REQUIRED ACTION> The result should be the lines from the one holding "The image size is (952, 1268)." to the final line of the records below, repeated exactly and with no pictures.

EXERCISE MATERIAL>

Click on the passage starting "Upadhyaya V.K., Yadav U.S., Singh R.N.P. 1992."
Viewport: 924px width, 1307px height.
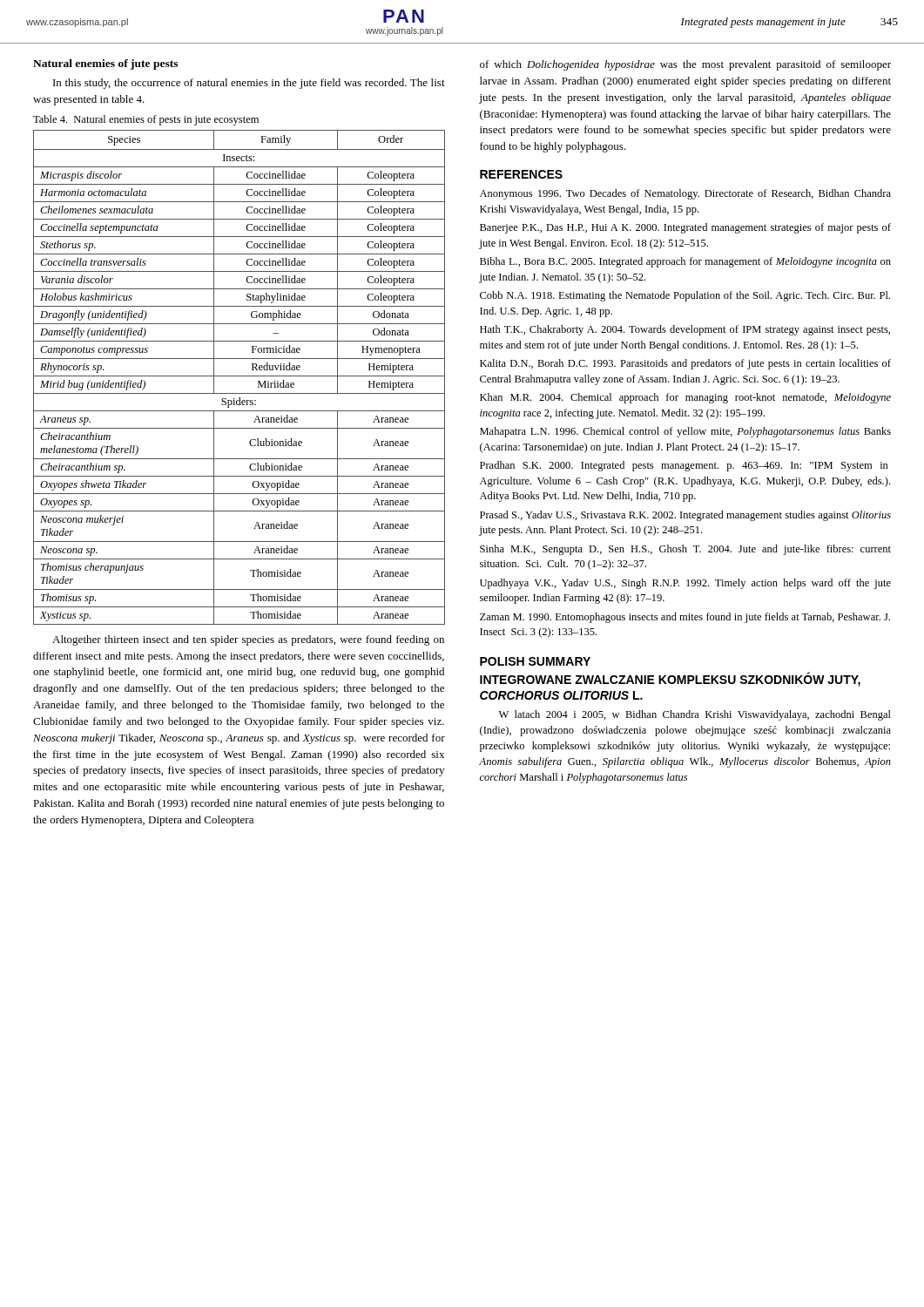coord(685,590)
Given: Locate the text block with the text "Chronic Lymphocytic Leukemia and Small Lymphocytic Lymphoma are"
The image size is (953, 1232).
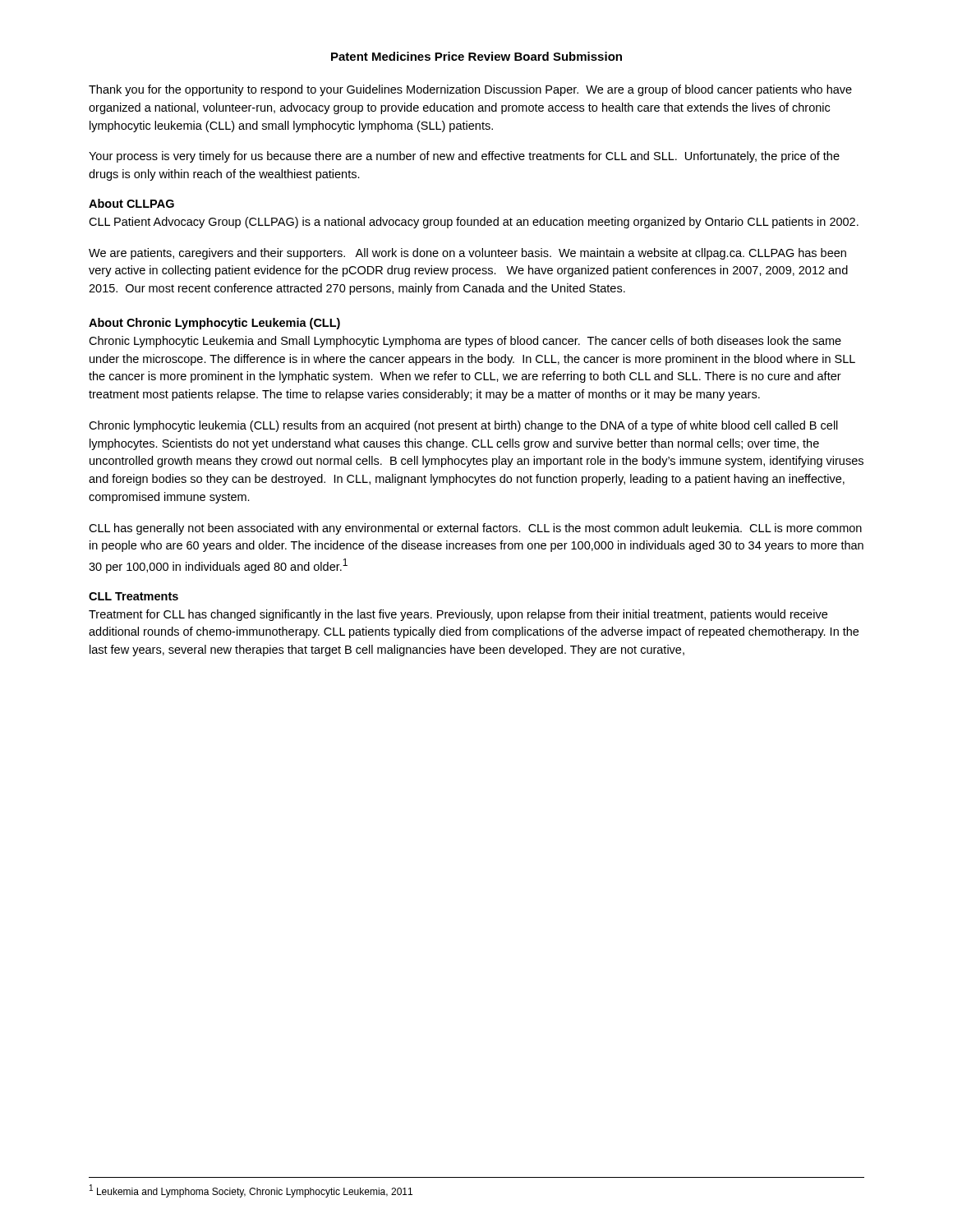Looking at the screenshot, I should pyautogui.click(x=472, y=367).
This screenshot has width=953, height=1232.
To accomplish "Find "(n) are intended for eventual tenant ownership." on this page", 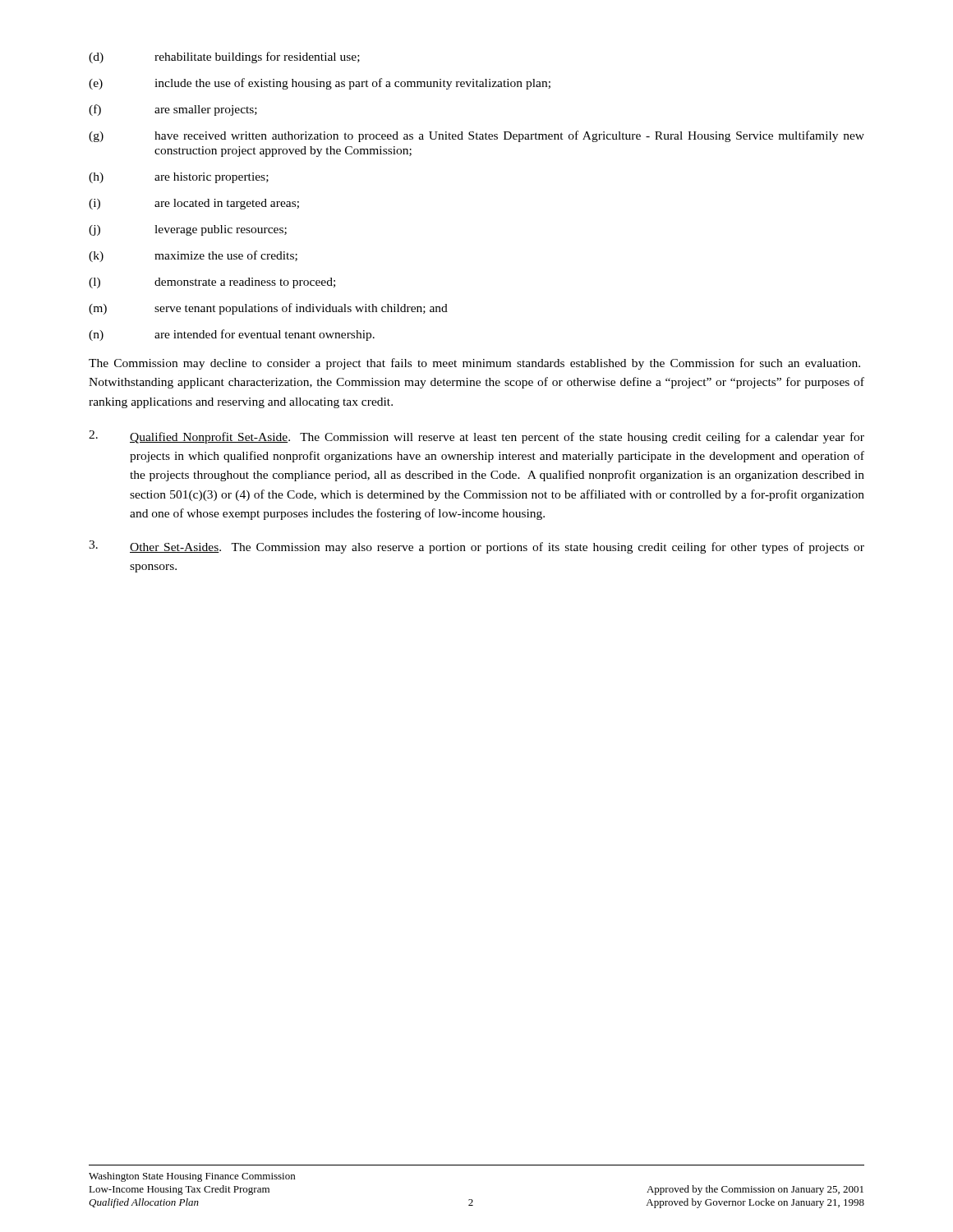I will click(x=232, y=335).
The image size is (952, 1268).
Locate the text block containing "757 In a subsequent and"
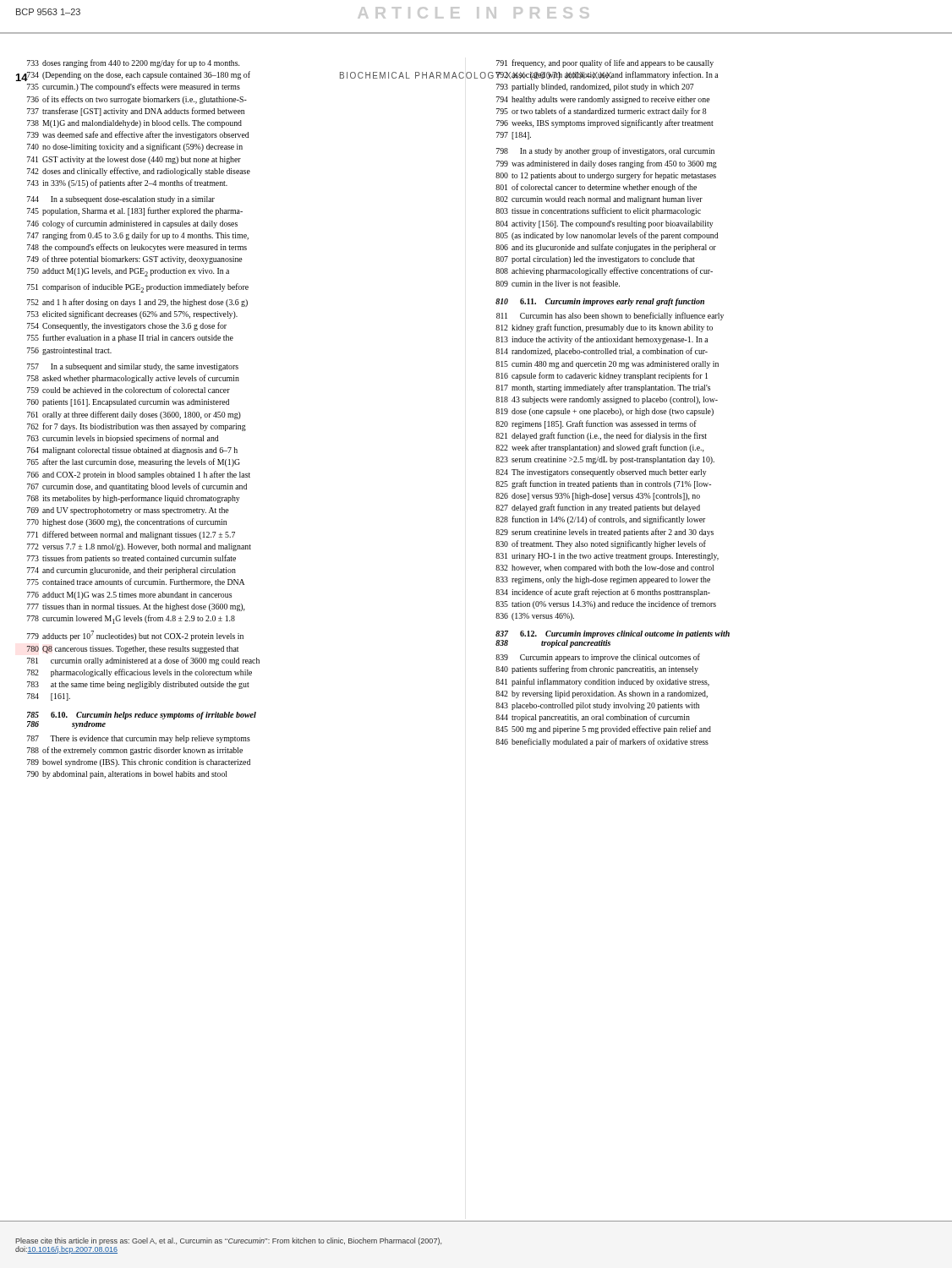138,532

TASK SOLUTION>
The image size is (952, 1268).
Locate the text block containing "757 In a subsequent and"
138,532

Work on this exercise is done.